Restate word for word the lines below that run from the one holding "Task: compute a" through the one holding "rpy_deg=(roll, pitch, yaw))", inclusive. Pictures don't belong in the copy.

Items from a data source
□ □ □ □ □ □ □

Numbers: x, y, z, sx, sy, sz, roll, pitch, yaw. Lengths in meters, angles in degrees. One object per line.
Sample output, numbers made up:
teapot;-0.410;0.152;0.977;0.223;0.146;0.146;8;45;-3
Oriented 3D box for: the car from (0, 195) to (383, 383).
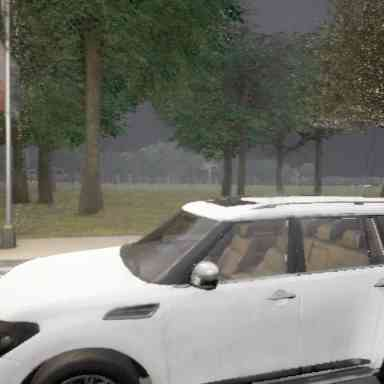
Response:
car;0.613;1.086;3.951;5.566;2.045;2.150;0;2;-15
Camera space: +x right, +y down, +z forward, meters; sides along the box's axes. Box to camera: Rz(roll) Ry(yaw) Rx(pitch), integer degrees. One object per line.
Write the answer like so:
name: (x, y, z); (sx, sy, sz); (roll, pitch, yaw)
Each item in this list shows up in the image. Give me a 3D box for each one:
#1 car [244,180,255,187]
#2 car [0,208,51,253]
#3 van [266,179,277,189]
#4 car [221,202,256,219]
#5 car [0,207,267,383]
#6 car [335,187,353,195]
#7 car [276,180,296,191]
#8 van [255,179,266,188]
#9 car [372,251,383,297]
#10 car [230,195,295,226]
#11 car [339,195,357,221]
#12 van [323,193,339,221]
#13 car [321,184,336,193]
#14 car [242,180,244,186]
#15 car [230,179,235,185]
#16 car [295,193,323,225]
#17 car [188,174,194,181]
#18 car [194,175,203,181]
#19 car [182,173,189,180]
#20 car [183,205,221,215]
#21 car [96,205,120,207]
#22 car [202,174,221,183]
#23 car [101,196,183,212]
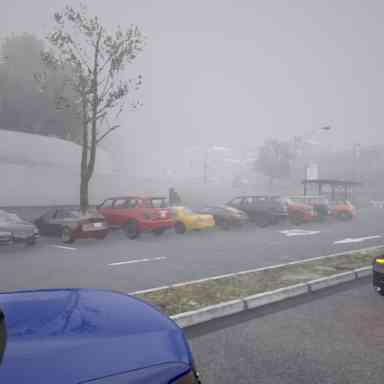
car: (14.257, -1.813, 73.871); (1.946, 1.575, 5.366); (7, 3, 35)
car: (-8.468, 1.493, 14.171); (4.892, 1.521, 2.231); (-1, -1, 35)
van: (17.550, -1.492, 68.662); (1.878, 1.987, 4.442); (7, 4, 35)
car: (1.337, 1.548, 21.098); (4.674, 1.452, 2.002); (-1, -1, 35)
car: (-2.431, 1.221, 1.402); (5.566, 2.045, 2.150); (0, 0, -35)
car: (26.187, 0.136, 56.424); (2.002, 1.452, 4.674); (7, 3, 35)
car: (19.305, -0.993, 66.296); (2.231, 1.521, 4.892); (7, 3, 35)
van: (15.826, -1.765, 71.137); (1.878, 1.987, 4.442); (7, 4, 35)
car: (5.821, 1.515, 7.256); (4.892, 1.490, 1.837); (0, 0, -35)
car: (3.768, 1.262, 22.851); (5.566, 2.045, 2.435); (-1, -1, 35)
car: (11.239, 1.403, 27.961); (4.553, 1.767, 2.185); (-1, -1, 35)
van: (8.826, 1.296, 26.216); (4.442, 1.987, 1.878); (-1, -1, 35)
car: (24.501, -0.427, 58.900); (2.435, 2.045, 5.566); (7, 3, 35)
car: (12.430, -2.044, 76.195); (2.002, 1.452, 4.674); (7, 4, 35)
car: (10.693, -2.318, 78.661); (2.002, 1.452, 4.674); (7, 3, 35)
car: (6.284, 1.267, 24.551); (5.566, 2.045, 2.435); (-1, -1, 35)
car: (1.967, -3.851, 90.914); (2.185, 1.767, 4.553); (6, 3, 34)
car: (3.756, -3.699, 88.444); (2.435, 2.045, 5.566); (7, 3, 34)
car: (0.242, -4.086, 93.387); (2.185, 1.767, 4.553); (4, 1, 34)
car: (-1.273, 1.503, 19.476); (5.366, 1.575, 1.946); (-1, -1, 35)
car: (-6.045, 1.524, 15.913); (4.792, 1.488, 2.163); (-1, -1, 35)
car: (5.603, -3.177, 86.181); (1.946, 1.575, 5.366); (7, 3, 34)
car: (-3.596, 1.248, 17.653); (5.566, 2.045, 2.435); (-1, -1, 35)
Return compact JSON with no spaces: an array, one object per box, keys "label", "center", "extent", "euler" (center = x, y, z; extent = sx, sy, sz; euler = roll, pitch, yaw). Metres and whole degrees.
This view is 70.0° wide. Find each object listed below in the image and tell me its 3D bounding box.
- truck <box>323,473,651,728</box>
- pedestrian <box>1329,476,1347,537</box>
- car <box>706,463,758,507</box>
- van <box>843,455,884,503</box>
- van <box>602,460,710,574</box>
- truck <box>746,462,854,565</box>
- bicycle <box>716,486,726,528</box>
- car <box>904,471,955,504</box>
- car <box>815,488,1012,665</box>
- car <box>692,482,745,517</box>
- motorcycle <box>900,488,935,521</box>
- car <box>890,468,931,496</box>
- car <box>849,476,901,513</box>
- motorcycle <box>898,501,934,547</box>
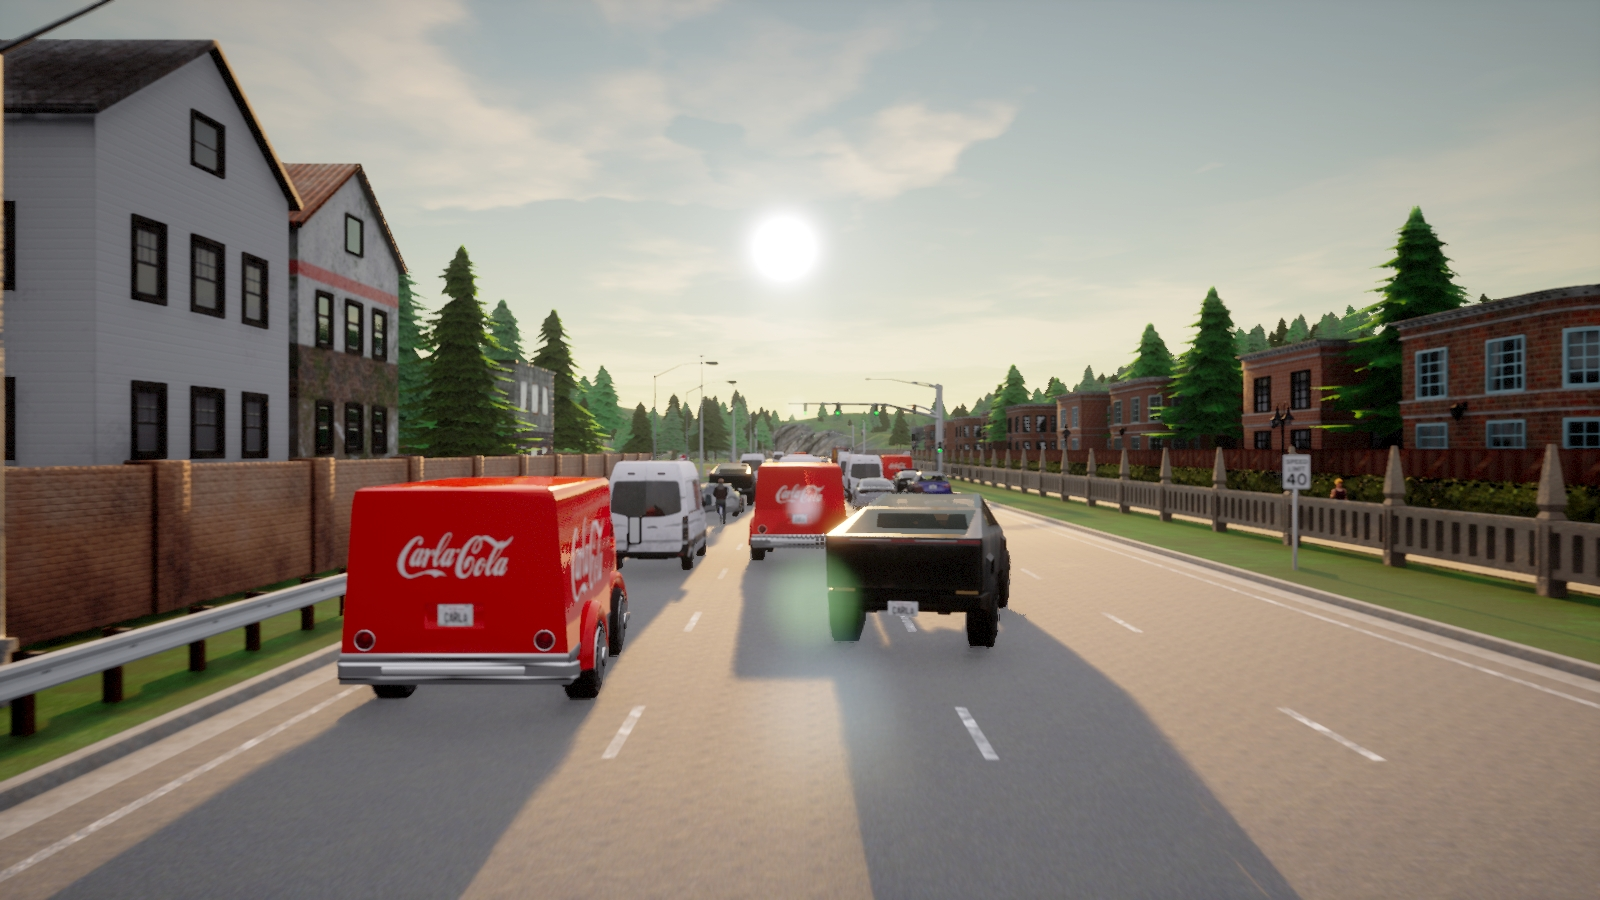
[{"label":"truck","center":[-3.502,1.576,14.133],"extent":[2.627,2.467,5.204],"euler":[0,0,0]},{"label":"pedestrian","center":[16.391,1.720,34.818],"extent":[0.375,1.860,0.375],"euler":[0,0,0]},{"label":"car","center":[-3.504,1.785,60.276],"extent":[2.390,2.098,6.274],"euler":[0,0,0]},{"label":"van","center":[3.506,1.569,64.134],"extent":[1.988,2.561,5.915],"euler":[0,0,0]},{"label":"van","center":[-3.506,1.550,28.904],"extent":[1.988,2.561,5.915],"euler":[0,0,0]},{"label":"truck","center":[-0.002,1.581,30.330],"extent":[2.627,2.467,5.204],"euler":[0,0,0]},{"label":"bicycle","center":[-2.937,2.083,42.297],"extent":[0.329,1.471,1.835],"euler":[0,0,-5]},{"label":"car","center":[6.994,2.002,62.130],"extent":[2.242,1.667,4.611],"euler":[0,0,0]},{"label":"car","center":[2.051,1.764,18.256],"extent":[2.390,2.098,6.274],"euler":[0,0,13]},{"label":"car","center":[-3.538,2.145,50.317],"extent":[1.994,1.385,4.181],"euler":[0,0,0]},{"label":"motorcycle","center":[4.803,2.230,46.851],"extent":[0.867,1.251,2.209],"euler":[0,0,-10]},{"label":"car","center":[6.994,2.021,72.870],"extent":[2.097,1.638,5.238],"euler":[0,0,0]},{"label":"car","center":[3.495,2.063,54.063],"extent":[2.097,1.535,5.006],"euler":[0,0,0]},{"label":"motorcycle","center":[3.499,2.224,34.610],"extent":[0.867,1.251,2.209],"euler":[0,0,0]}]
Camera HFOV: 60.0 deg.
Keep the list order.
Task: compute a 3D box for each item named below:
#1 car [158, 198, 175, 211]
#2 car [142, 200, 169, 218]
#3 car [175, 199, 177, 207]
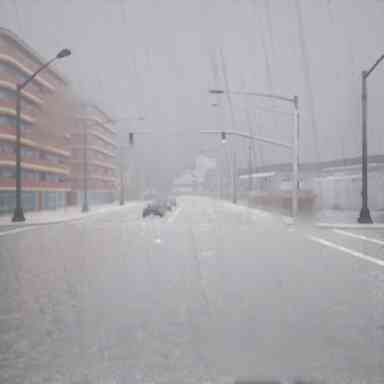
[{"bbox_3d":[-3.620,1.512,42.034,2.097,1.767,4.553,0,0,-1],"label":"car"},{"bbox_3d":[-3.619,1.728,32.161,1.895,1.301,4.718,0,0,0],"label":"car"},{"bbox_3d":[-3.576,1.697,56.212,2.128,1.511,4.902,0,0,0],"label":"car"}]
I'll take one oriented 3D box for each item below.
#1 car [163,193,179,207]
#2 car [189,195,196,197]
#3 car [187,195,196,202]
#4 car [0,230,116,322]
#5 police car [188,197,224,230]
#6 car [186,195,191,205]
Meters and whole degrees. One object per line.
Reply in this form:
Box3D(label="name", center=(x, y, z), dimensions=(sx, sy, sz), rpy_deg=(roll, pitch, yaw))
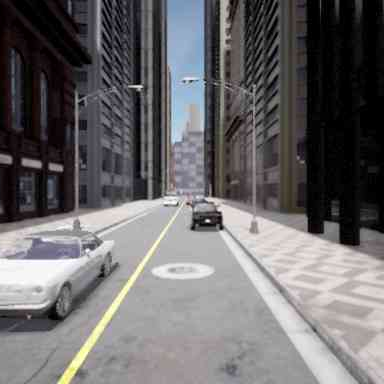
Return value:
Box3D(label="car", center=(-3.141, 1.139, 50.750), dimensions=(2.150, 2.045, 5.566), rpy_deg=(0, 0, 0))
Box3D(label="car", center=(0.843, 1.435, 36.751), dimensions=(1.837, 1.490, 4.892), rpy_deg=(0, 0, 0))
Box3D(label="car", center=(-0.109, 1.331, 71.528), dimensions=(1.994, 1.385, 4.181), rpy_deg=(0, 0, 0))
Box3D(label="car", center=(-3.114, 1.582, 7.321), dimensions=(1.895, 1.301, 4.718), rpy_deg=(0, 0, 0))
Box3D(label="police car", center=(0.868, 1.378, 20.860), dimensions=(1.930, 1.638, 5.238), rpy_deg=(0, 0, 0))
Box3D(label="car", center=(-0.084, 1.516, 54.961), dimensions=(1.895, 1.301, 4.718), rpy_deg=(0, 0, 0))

□ □ □ □ □ □ □

## Answer to the problem
Task: compute a 3D box for each item named below:
#1 car [158, 198, 175, 211]
#2 car [142, 200, 169, 218]
#3 car [175, 199, 177, 207]
[{"bbox_3d":[-3.620,1.512,42.034,2.097,1.767,4.553,0,0,-1],"label":"car"},{"bbox_3d":[-3.619,1.728,32.161,1.895,1.301,4.718,0,0,0],"label":"car"},{"bbox_3d":[-3.576,1.697,56.212,2.128,1.511,4.902,0,0,0],"label":"car"}]
I'll take one oriented 3D box for each item below.
#1 car [163,193,179,207]
#2 car [189,195,196,197]
#3 car [187,195,196,202]
#4 car [0,230,116,322]
#5 police car [188,197,224,230]
#6 car [186,195,191,205]
Meters and whole degrees. One object per line.
Reply in this form:
Box3D(label="name", center=(x, y, z), dimensions=(sx, sy, sz), rpy_deg=(roll, pitch, yaw))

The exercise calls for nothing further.